Analytics is today’s emerging system of real-time user engagement and interaction. How do you respond to the current need for quicker and accurate insights?
Self service is the future. It’s what’s driving the changes all the way from how the data is acquired to the tools that leverage it so that data is much more democratized and usable by everyone in the enterprise. Making sure you architect with this as a key requirement will help clients engage more users and respond to the business faster.
“Big Data” plays a crucial role in today’s modern Data Warehousing practices.

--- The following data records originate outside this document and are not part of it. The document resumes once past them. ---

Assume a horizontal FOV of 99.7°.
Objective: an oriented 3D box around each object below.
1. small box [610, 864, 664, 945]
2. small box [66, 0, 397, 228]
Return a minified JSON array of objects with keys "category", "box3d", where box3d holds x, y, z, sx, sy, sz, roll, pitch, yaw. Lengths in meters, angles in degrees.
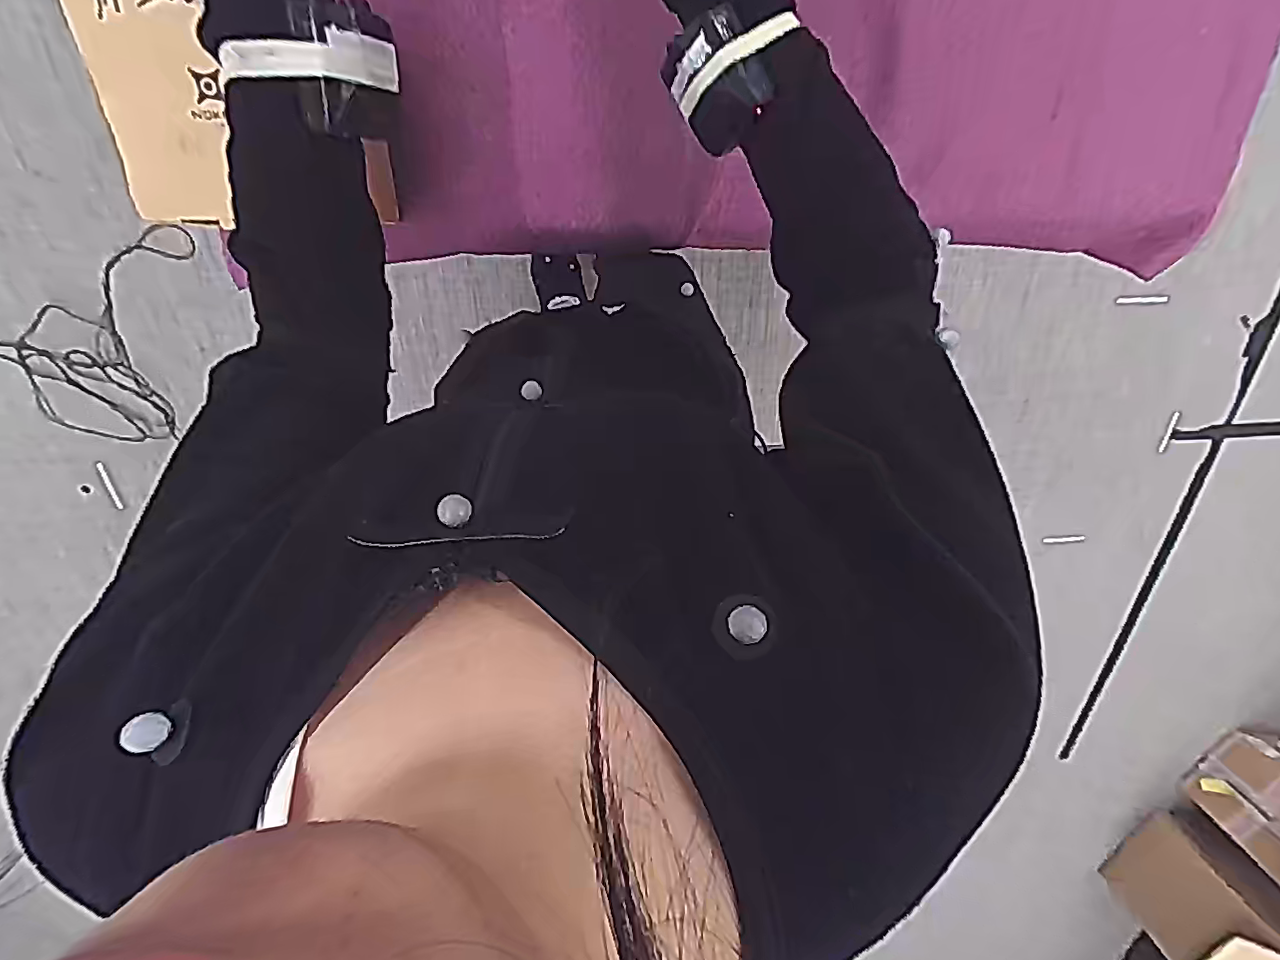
[{"category":"small box","box3d":[-0.013,1.506,1.927,0.179,0.176,0.168,-4,115,-4]},{"category":"small box","box3d":[-0.342,-0.332,0.496,0.168,0.176,0.179,-2,117,-6]}]
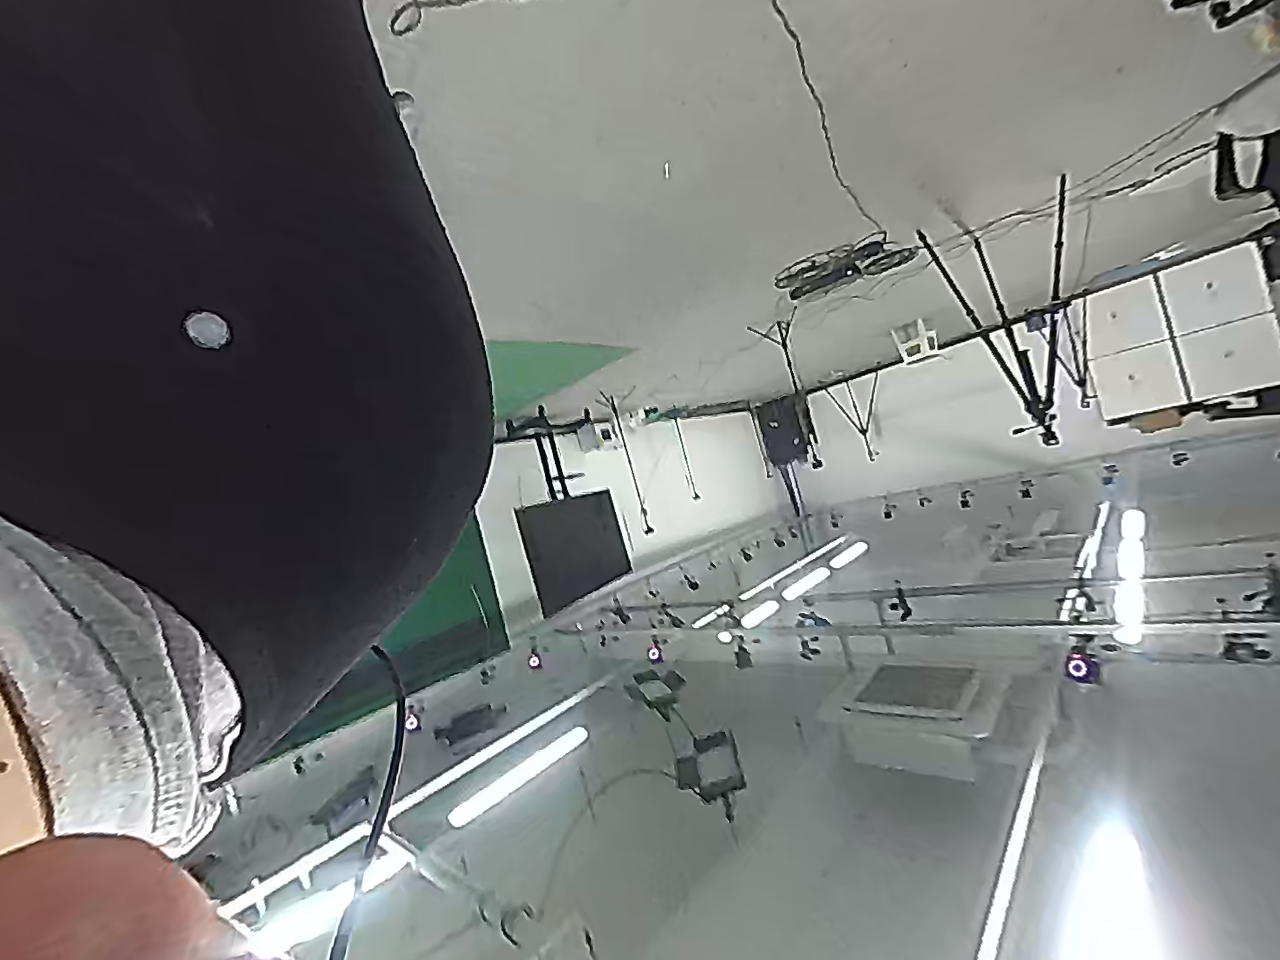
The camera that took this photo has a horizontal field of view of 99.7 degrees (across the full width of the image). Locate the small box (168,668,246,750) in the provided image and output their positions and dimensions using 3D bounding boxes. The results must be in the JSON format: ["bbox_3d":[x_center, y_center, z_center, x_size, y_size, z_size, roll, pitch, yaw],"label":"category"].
[{"bbox_3d":[-1.345,0.704,1.685,0.168,0.176,0.179,-11,178,-37],"label":"small box"}]

What are the new challenges and promises?
I think I addressed some of that above but I no longer believe in BigData, I think its about how we deal with ALL Data because in many clients the transactional data is the biggest thing they have. BigData which most associate with Hadoop are now integral to the data warehouse since the data warehouse is now much more logical.
Are the current Analytics technologies equipped to confront the exponential growth, availability and use of information in the data-rich landscape of tomorrow? How does the future look like in the coming decade?
Well being from IBM and knowing where we are going with natural language and our focus on self service, I look for the day when we can simply ask the question to the warehouse, I can subsribe to data and check it out of the data library, I have easy to use visualization tools that help me understand the data, find relevance, share my results across my cohorts and tell a story- all without the need of IT or a business analyst.